During the forum, ICD and JSC Ziraat Bank Uzbekistan formalized an expression of intent to collaborate on various initiatives aimed at supporting SMEs. One of the key elements of this collaboration is the provision of a Line of Financing (LoF) facility by ICD to JSC Ziraat Bank Uzbekistan. This LoF facility will enable the bank to fund private sector projects as an agent of ICD, thereby providing SMEs with access to the necessary capital to initiate and grow their businesses.

The partnership between ICD and JSC Ziraat Bank Uzbekistan is expected to have a significant impact on the SME landscape in Uzbekistan. By equipping entrepreneurs with the resources they need to succeed, this collaboration will not only support the growth of individual businesses but also contribute to the overall economic development of the country. SMEs play a crucial role in driving economic growth, creating jobs, and fostering innovation, and this partnership will help strengthen the SME ecosystem in Uzbekistan.

JSC Ziraat Bank Uzbekistan, as a strategic partner for ICD, brings a wealth of experience and expertise to the table. As a prominent commercial bank with foreign capital, JSC Ziraat Bank Uzbekistan has a strong track record of supporting SMEs and promoting economic development. The bank’s partnership with ICD further underscores its commitment to advancing the private sector in Uzbekistan and its dedication to supporting the country’s economic growth.
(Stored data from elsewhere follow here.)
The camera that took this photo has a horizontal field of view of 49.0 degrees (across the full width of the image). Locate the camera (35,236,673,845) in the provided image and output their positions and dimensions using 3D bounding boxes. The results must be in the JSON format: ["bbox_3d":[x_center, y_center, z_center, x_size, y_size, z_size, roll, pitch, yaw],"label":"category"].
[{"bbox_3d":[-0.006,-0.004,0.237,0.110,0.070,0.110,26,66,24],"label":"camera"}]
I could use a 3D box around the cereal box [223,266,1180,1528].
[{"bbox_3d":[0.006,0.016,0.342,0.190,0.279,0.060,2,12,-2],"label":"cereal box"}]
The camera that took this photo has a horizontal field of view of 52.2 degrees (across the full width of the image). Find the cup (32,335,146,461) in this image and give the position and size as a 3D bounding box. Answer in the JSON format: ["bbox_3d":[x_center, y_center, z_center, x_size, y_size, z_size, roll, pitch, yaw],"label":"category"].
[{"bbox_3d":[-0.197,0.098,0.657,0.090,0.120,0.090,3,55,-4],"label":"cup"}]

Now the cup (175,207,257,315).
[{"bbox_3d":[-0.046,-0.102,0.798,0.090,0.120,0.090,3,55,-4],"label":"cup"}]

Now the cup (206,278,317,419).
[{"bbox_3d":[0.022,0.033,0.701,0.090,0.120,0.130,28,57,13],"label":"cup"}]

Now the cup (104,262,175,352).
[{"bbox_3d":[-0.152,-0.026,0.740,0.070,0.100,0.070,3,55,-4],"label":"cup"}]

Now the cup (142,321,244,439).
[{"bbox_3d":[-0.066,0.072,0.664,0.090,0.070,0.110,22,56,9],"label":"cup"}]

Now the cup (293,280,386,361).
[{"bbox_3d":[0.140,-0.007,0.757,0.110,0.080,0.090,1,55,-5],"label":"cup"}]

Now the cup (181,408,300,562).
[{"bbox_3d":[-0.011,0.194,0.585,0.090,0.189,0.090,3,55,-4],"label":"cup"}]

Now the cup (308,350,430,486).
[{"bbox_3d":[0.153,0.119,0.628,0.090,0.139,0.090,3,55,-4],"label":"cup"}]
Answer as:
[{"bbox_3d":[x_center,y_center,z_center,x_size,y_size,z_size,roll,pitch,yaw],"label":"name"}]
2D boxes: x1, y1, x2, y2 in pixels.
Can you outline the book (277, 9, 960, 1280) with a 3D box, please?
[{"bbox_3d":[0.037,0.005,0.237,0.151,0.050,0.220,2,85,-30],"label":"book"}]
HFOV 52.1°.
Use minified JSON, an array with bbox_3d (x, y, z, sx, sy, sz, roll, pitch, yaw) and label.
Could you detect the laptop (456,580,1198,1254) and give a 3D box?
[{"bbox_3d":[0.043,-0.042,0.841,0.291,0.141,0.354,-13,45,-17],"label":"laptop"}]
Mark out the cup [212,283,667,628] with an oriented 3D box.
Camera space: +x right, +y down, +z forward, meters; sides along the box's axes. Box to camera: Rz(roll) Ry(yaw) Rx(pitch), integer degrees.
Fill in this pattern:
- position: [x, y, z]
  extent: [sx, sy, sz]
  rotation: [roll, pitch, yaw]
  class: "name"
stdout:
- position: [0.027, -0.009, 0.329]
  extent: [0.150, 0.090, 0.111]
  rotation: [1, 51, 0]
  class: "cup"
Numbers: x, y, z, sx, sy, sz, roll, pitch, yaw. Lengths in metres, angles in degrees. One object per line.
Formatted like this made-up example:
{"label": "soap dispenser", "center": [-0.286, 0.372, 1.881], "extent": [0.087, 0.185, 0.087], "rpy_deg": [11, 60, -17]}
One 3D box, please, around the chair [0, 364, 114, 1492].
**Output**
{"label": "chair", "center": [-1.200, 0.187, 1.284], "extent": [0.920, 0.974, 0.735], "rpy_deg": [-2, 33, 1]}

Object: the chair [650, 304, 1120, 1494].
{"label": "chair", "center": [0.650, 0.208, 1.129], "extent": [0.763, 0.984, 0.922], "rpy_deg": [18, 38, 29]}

ICD, for its part, is a leading multilateral development financial institution that focuses on supporting the economic development of its member countries through the provision of finance and advisory services to private sector enterprises. By partnering with JSC Ziraat Bank Uzbekistan, ICD is furthering its mission of promoting economic development and fostering entrepreneurship in Uzbekistan and across the Islamic world.

The LoF facility provided by ICD to JSC Ziraat Bank Uzbekistan is just one example of the many initiatives that the two entities are undertaking to support SMEs in Uzbekistan. In addition to providing financial support, the partnership between ICD and JSC Ziraat Bank Uzbekistan will also include capacity-building initiatives and technical assistance programs to help SMEs succeed in today’s competitive business environment.

Overall, the partnership between ICD and JSC Ziraat Bank Uzbekistan represents a significant step forward in supporting SMEs and fostering economic growth in Uzbekistan. By working together, these two institutions are helping to create a more vibrant and dynamic private sector in Uzbekistan, which will ultimately benefit the country’s economy and its people. The collaboration between the Islamic Corporation for the Development of the Private Sector (ICD) and JSC Ziraat Bank Uzbekistan is expected to have a far-reaching impact on the private sector in Uzbekistan.